We knew it would come to this. The two best characters from the greatest television drama of all time are up for debate yet again. Only this time, they are off their normal surroundings of west Baltimore and cooped up in an office, or in one's case, The Office.
Stringer Bell, or as he is occasionally referred to, Idris Elba, and Omar Little (Michael K. Williams) have recently gained something else in common. Besides being influential cogs on HBO's groundbreaking series The Wire, they have both been employed by NBC sitcoms in the famed Thursday night comedy block. While Elba had been employed at Dunder Mifflin Paper on The Office for a number of episodes a few seasons back, Williams has just been hired as the new biology teacher at Greendale on Community. This begs the question: which former king of the streets is the best office-dweller?
The argument for who is the best character from The Wire is never-ending. Stringer was fantastic, calculated, evil, entrepreneurial and everything else you would want from the man calling the shots behind Avon Barksdale. Omar, on the other hand, was memorable, inspiring, heroic, and, frankly, bad-ass. He was the perfect lone star, running the streets without need of posse or muscle, just the soothing tones of a whistled nursery rhyme. There is no wrong answer for who was the better character. More accurately, there is no Right answer.
However, moving to a life of books and policy and mission statements may leave us with a different outcome. It is still much too soon to tell since Michael K. Williams has just started his first semester at Greendale but he has an awful lot to live up to.

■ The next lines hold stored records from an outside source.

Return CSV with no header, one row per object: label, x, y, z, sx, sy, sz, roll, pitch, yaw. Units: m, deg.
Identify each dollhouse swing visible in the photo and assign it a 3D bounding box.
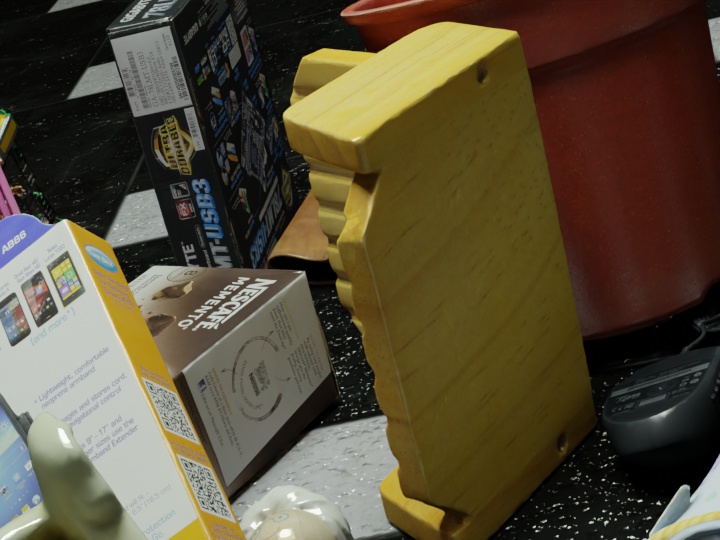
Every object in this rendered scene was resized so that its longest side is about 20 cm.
dollhouse swing,0.000,0.000,0.810,0.175,0.201,0.182,4,28,38

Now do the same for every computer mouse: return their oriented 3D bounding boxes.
computer mouse,0.164,0.049,0.829,0.058,0.034,0.200,-20,11,29

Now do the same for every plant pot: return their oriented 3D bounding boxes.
plant pot,0.114,-0.077,0.910,0.199,0.197,0.201,-18,12,4

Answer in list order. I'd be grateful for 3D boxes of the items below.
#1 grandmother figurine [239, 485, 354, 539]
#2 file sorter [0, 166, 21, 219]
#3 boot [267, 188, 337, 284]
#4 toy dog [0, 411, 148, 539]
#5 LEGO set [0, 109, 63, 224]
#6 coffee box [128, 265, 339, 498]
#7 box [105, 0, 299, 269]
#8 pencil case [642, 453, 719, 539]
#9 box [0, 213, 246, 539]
grandmother figurine,-0.014,0.143,0.660,0.121,0.061,0.200,-21,22,-5
file sorter,-0.253,0.005,0.938,0.138,0.126,0.200,-21,-15,-16
boot,0.045,-0.078,1.109,0.187,0.069,0.201,-7,35,24
toy dog,-0.138,0.170,0.551,0.199,0.140,0.194,-36,-13,-18
LEGO set,-0.278,-0.018,1.111,0.153,0.200,0.117,11,62,9
coffee box,-0.114,0.076,0.864,0.112,0.080,0.200,1,27,36
box,-0.095,-0.093,1.109,0.049,0.200,0.200,-8,22,11
pencil case,0.173,0.082,0.659,0.090,0.084,0.200,-1,25,29
box,-0.135,0.074,0.731,0.119,0.041,0.201,-36,58,12
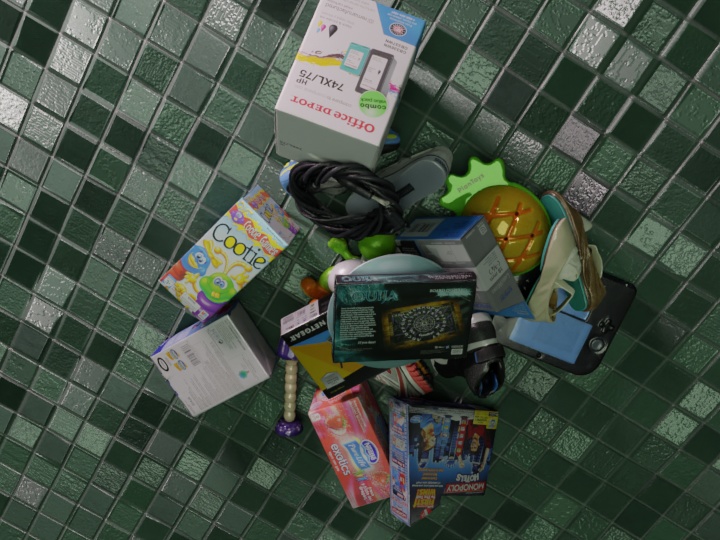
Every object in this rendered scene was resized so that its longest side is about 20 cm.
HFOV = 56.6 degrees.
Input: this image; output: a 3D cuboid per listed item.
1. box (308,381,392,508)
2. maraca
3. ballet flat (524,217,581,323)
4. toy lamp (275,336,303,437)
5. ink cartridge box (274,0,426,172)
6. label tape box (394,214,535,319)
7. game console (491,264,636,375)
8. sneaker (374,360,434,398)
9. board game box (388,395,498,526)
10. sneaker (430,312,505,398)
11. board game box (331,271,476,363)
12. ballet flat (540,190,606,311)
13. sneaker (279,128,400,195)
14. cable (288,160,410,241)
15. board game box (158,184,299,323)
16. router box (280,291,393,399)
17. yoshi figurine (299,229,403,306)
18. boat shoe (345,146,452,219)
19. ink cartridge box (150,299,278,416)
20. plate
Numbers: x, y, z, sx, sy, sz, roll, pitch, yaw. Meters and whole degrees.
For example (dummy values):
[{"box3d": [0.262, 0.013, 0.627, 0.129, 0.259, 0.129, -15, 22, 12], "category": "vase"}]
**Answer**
[{"box3d": [-0.004, 0.296, 1.174, 0.095, 0.103, 0.200, -21, 103, 10], "category": "box"}, {"box3d": [0.208, -0.080, 1.027, 0.137, 0.107, 0.200, -35, 101, 16], "category": "maraca"}, {"box3d": [0.300, 0.008, 1.015, 0.069, 0.070, 0.200, 9, 135, 3], "category": "ballet flat"}, {"box3d": [-0.121, 0.193, 1.176, 0.058, 0.058, 0.200, 4, 110, 4], "category": "toy lamp"}, {"box3d": [-0.017, -0.250, 0.931, 0.146, 0.146, 0.200, 20, 75, -1], "category": "ink cartridge box"}, {"box3d": [0.160, 0.014, 1.026, 0.063, 0.144, 0.200, -44, 116, -27], "category": "label tape box"}, {"box3d": [0.328, 0.069, 1.104, 0.200, 0.031, 0.177, 22, 109, -2], "category": "game console"}, {"box3d": [0.039, 0.147, 1.134, 0.082, 0.078, 0.200, -35, 101, 16], "category": "sneaker"}, {"box3d": [0.126, 0.324, 1.135, 0.200, 0.062, 0.200, 12, 89, -30], "category": "board game box"}, {"box3d": [0.169, 0.159, 1.060, 0.073, 0.112, 0.200, -8, 151, -14], "category": "sneaker"}, {"box3d": [0.060, 0.067, 0.951, 0.200, 0.028, 0.136, -1, 119, -9], "category": "board game box"}, {"box3d": [0.339, -0.036, 1.046, 0.072, 0.068, 0.200, -23, 94, -27], "category": "ballet flat"}, {"box3d": [-0.028, -0.167, 1.052, 0.199, 0.071, 0.083, -24, 123, 11], "category": "sneaker"}, {"box3d": [-0.032, -0.101, 0.975, 0.200, 0.051, 0.163, 7, 156, 39], "category": "cable"}, {"box3d": [-0.210, -0.027, 1.088, 0.200, 0.105, 0.103, -42, 100, 17], "category": "board game box"}, {"box3d": [-0.001, 0.095, 1.035, 0.200, 0.051, 0.149, -28, 119, 9], "category": "router box"}, {"box3d": [-0.009, -0.010, 1.074, 0.200, 0.112, 0.112, -36, 93, 10], "category": "yoshi figurine"}, {"box3d": [0.063, -0.141, 1.043, 0.075, 0.086, 0.202, 48, 135, -15], "category": "boat shoe"}, {"box3d": [-0.266, 0.160, 1.169, 0.200, 0.076, 0.137, -29, 102, 12], "category": "ink cartridge box"}, {"box3d": [0.051, 0.069, 0.982, 0.200, 0.026, 0.201, -4, 120, -7], "category": "plate"}]

As Charles Miner on The Office, Idris Elba took over control of the Scranton paper company for half a season. He was installed to create an atmosphere of productivity and seriousness that was lacking under current management. What he ended up bringing was his tremendous American accent, his stoic demeanor in even the most outrageous situations and, oddly, the love of both soccer and volleyball. Stringer will be hard to top here.
What we need out of Omar this season on Community is more than he may be capable of. Only more biology classes will tell us for sure. In the mean time, let us bask in the glory that is typecast actors working in roles we are not used to seeing them in and not being able to separate them from where we know them and loved them. By the way, when does Dominic West start shooting that children's cartoon?